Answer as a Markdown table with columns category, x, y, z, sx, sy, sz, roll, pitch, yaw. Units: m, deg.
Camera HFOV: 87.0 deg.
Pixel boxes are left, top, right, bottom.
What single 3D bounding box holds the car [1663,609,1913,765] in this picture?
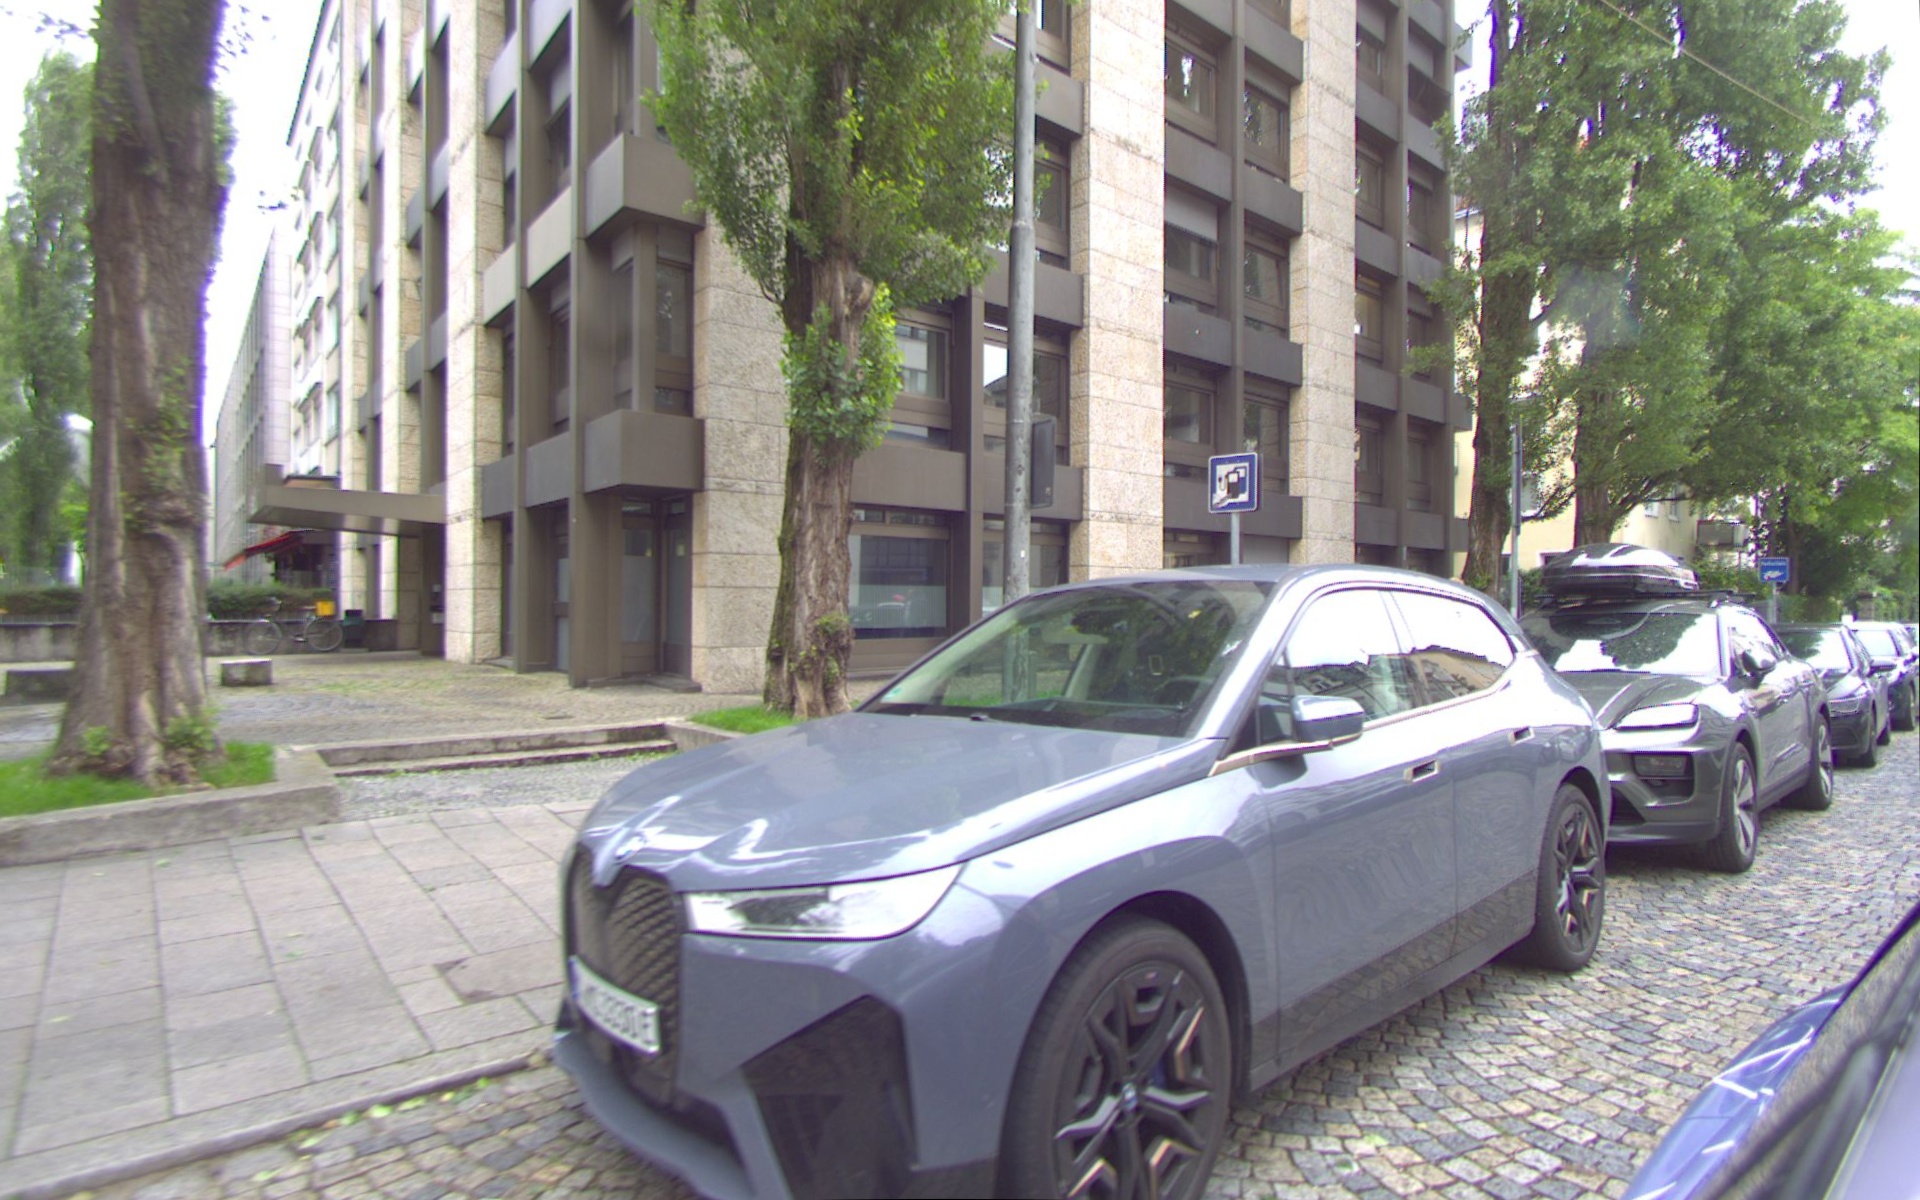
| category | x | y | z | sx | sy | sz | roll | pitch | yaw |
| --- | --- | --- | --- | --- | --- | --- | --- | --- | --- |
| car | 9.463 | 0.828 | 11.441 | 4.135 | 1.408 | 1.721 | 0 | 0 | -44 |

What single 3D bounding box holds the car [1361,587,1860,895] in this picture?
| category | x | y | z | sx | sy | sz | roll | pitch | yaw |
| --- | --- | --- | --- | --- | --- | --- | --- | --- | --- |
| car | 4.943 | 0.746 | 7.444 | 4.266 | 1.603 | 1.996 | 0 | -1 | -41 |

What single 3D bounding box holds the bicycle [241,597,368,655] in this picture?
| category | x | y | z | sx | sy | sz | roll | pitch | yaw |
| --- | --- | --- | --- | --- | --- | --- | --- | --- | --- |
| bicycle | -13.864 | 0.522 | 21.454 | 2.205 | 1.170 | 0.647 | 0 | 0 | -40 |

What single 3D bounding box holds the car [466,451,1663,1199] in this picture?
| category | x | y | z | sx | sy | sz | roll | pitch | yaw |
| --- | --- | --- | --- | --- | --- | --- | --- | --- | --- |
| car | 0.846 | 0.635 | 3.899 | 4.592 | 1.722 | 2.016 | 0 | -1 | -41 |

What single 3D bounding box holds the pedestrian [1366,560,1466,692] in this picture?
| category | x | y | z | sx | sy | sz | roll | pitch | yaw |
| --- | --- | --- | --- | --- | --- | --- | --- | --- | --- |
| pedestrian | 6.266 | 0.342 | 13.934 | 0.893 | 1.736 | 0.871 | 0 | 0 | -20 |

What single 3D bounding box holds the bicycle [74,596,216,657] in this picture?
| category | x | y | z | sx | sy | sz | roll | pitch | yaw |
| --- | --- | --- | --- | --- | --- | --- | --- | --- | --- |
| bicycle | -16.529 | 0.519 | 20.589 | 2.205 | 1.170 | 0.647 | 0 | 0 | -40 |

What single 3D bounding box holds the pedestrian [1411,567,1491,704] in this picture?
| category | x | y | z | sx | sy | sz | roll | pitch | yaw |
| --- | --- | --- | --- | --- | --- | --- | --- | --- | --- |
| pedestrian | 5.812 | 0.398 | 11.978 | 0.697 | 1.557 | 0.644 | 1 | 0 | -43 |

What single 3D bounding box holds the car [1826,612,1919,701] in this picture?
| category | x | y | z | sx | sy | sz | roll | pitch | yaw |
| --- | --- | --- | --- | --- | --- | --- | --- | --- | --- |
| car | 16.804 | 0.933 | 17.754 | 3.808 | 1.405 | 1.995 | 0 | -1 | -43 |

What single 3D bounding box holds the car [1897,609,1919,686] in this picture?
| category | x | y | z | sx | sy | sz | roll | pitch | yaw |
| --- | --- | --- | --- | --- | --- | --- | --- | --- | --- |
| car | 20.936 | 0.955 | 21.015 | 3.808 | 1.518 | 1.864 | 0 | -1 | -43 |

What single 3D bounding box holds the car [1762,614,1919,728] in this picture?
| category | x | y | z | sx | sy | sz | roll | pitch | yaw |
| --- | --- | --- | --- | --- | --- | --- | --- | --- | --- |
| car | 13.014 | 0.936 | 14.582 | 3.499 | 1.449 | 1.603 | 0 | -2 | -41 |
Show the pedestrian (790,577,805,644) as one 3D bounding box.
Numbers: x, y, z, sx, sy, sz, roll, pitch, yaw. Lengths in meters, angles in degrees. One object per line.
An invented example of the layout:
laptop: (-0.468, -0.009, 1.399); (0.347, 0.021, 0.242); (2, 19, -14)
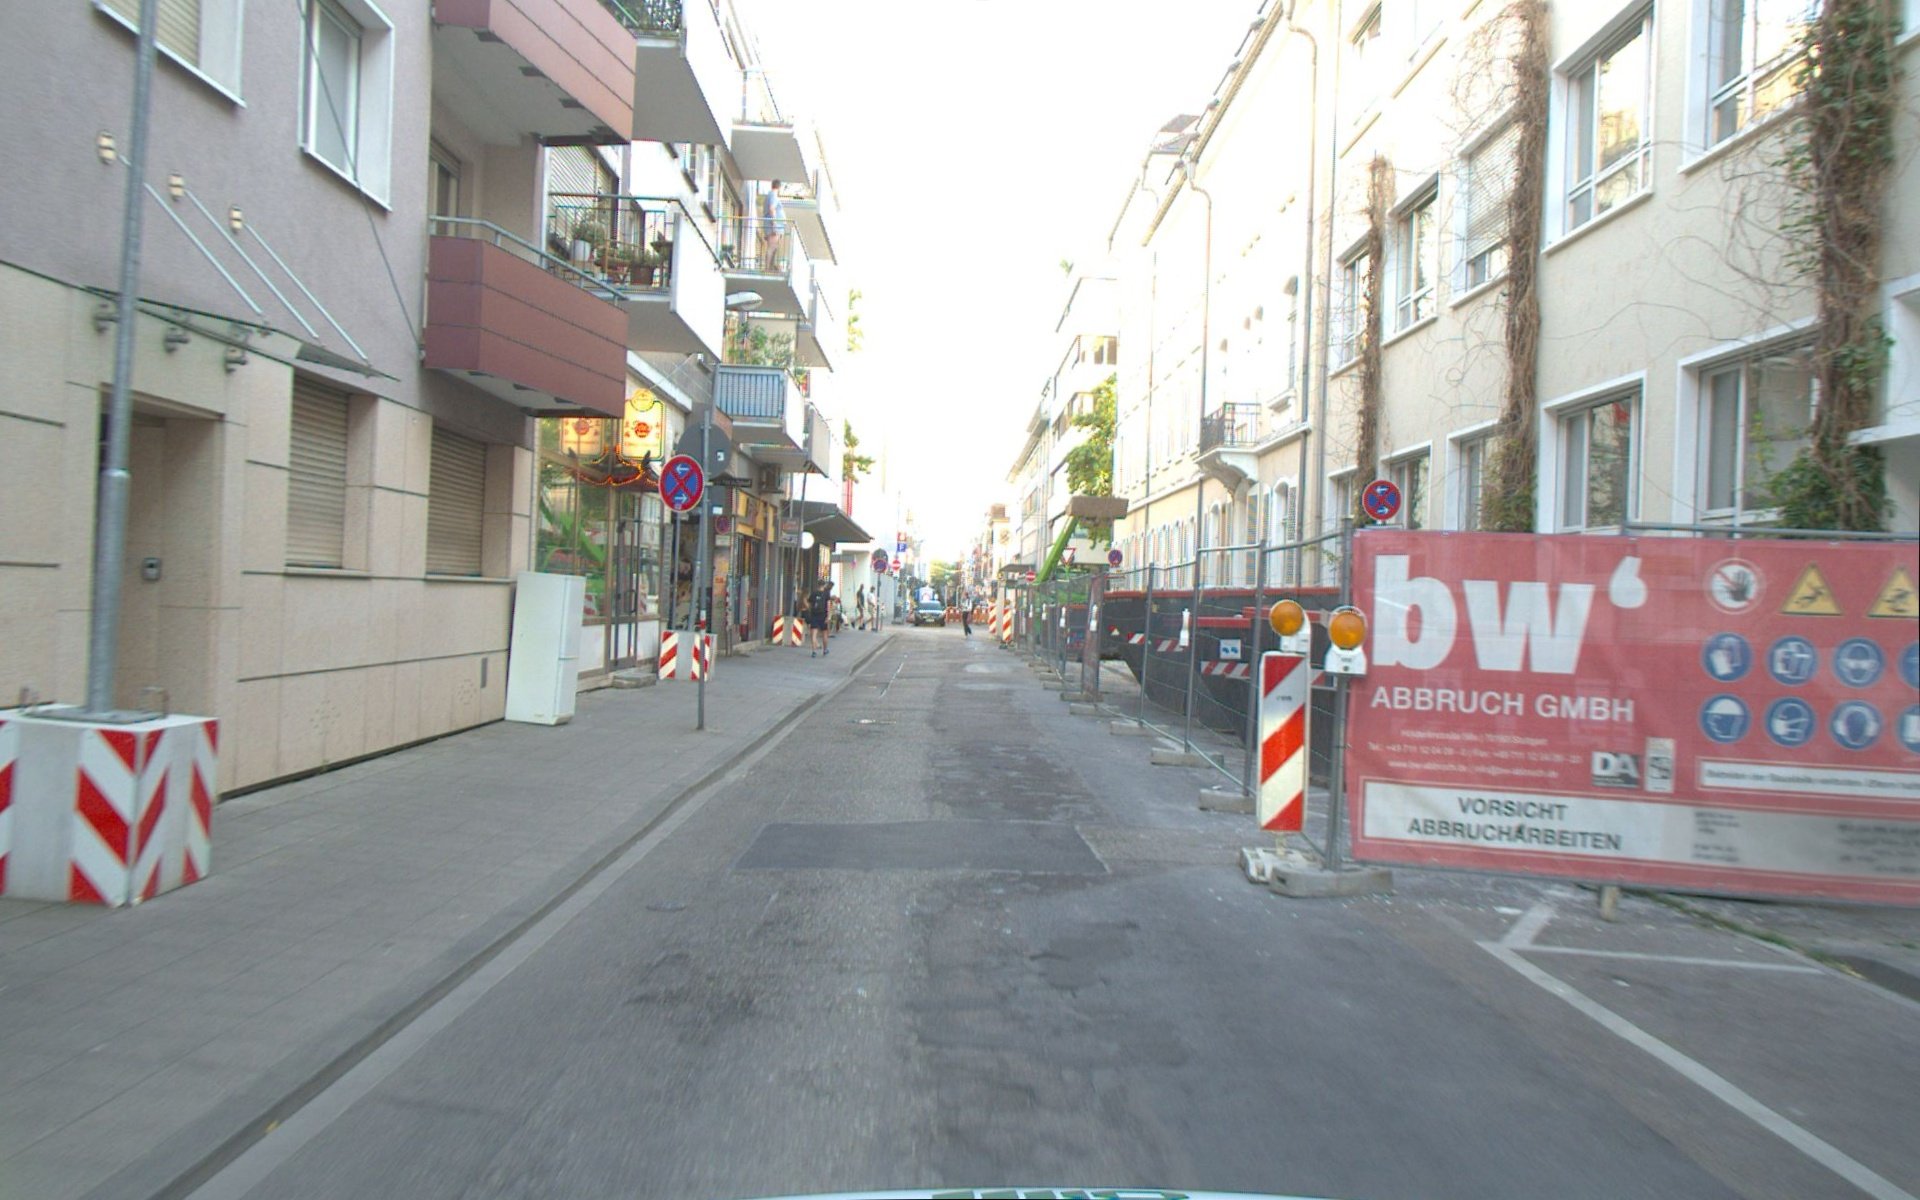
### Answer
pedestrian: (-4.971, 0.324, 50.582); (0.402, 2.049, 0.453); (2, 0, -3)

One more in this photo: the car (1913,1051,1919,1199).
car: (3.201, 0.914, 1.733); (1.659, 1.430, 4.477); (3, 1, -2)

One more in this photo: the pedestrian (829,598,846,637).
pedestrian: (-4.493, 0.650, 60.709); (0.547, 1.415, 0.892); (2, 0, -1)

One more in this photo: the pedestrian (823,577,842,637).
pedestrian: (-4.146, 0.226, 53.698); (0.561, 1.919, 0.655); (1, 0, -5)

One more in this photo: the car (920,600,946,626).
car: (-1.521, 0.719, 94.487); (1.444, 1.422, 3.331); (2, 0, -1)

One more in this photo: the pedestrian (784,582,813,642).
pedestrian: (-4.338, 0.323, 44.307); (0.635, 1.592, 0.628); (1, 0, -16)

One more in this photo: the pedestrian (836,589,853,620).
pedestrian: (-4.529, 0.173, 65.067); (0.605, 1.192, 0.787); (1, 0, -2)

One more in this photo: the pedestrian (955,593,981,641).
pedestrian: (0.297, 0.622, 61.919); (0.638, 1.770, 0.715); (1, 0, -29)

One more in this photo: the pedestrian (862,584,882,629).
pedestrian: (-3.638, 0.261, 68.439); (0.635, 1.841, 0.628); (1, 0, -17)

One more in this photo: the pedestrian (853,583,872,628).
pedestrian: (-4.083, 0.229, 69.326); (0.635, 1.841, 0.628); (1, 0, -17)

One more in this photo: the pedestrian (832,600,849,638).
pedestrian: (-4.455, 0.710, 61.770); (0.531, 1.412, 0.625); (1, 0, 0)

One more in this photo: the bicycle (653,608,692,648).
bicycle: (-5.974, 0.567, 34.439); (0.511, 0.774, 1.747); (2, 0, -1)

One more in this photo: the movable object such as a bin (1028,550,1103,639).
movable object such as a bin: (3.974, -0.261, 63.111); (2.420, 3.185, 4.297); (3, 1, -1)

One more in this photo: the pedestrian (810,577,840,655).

EXERCISE OBJECTIVE: Should a picture appear among the entries, skip it and copy the rest exactly.

SOLVED EXERCISE:
Answer as a Markdown table with columns category, x, y, z, sx, sy, sz, roll, pitch, yaw. Units: m, deg.
Camera HFOV: 87.0 deg.
Pixel boxes are left, top, right, bottom.
What single 3D bounding box holds the car [1663,609,1913,765] in this picture?
| category | x | y | z | sx | sy | sz | roll | pitch | yaw |
| --- | --- | --- | --- | --- | --- | --- | --- | --- | --- |
| car | 9.463 | 0.828 | 11.441 | 4.135 | 1.408 | 1.721 | 0 | 0 | -44 |

What single 3D bounding box holds the car [1361,587,1860,895] in this picture?
| category | x | y | z | sx | sy | sz | roll | pitch | yaw |
| --- | --- | --- | --- | --- | --- | --- | --- | --- | --- |
| car | 4.943 | 0.746 | 7.444 | 4.266 | 1.603 | 1.996 | 0 | -1 | -41 |

What single 3D bounding box holds the bicycle [241,597,368,655] in this picture?
| category | x | y | z | sx | sy | sz | roll | pitch | yaw |
| --- | --- | --- | --- | --- | --- | --- | --- | --- | --- |
| bicycle | -13.864 | 0.522 | 21.454 | 2.205 | 1.170 | 0.647 | 0 | 0 | -40 |

What single 3D bounding box holds the car [466,451,1663,1199] in this picture?
| category | x | y | z | sx | sy | sz | roll | pitch | yaw |
| --- | --- | --- | --- | --- | --- | --- | --- | --- | --- |
| car | 0.846 | 0.635 | 3.899 | 4.592 | 1.722 | 2.016 | 0 | -1 | -41 |

What single 3D bounding box holds the pedestrian [1366,560,1466,692] in this picture?
| category | x | y | z | sx | sy | sz | roll | pitch | yaw |
| --- | --- | --- | --- | --- | --- | --- | --- | --- | --- |
| pedestrian | 6.266 | 0.342 | 13.934 | 0.893 | 1.736 | 0.871 | 0 | 0 | -20 |

What single 3D bounding box holds the bicycle [74,596,216,657] in this picture?
| category | x | y | z | sx | sy | sz | roll | pitch | yaw |
| --- | --- | --- | --- | --- | --- | --- | --- | --- | --- |
| bicycle | -16.529 | 0.519 | 20.589 | 2.205 | 1.170 | 0.647 | 0 | 0 | -40 |

What single 3D bounding box holds the pedestrian [1411,567,1491,704] in this picture?
| category | x | y | z | sx | sy | sz | roll | pitch | yaw |
| --- | --- | --- | --- | --- | --- | --- | --- | --- | --- |
| pedestrian | 5.812 | 0.398 | 11.978 | 0.697 | 1.557 | 0.644 | 1 | 0 | -43 |

What single 3D bounding box holds the car [1826,612,1919,701] in this picture?
| category | x | y | z | sx | sy | sz | roll | pitch | yaw |
| --- | --- | --- | --- | --- | --- | --- | --- | --- | --- |
| car | 16.804 | 0.933 | 17.754 | 3.808 | 1.405 | 1.995 | 0 | -1 | -43 |

What single 3D bounding box holds the car [1897,609,1919,686] in this picture?
| category | x | y | z | sx | sy | sz | roll | pitch | yaw |
| --- | --- | --- | --- | --- | --- | --- | --- | --- | --- |
| car | 20.936 | 0.955 | 21.015 | 3.808 | 1.518 | 1.864 | 0 | -1 | -43 |

What single 3D bounding box holds the car [1762,614,1919,728] in this picture?
| category | x | y | z | sx | sy | sz | roll | pitch | yaw |
| --- | --- | --- | --- | --- | --- | --- | --- | --- | --- |
| car | 13.014 | 0.936 | 14.582 | 3.499 | 1.449 | 1.603 | 0 | -2 | -41 |
Show the pedestrian (790,577,805,644) as one 3D bounding box.
Numbers: x, y, z, sx, sy, sz, roll, pitch, yaw. Lengths in meters, angles in degrees. One object per line.
An invented example of the layout:
laptop: (-0.468, -0.009, 1.399); (0.347, 0.021, 0.242); (2, 19, -14)
### Answer
pedestrian: (-4.971, 0.324, 50.582); (0.402, 2.049, 0.453); (2, 0, -3)

One more in this photo: the car (1913,1051,1919,1199).
car: (3.201, 0.914, 1.733); (1.659, 1.430, 4.477); (3, 1, -2)

One more in this photo: the pedestrian (829,598,846,637).
pedestrian: (-4.493, 0.650, 60.709); (0.547, 1.415, 0.892); (2, 0, -1)

One more in this photo: the pedestrian (823,577,842,637).
pedestrian: (-4.146, 0.226, 53.698); (0.561, 1.919, 0.655); (1, 0, -5)

One more in this photo: the car (920,600,946,626).
car: (-1.521, 0.719, 94.487); (1.444, 1.422, 3.331); (2, 0, -1)

One more in this photo: the pedestrian (784,582,813,642).
pedestrian: (-4.338, 0.323, 44.307); (0.635, 1.592, 0.628); (1, 0, -16)

One more in this photo: the pedestrian (836,589,853,620).
pedestrian: (-4.529, 0.173, 65.067); (0.605, 1.192, 0.787); (1, 0, -2)

One more in this photo: the pedestrian (955,593,981,641).
pedestrian: (0.297, 0.622, 61.919); (0.638, 1.770, 0.715); (1, 0, -29)

One more in this photo: the pedestrian (862,584,882,629).
pedestrian: (-3.638, 0.261, 68.439); (0.635, 1.841, 0.628); (1, 0, -17)

One more in this photo: the pedestrian (853,583,872,628).
pedestrian: (-4.083, 0.229, 69.326); (0.635, 1.841, 0.628); (1, 0, -17)

One more in this photo: the pedestrian (832,600,849,638).
pedestrian: (-4.455, 0.710, 61.770); (0.531, 1.412, 0.625); (1, 0, 0)

One more in this photo: the bicycle (653,608,692,648).
bicycle: (-5.974, 0.567, 34.439); (0.511, 0.774, 1.747); (2, 0, -1)

One more in this photo: the movable object such as a bin (1028,550,1103,639).
movable object such as a bin: (3.974, -0.261, 63.111); (2.420, 3.185, 4.297); (3, 1, -1)

One more in this photo: the pedestrian (810,577,840,655).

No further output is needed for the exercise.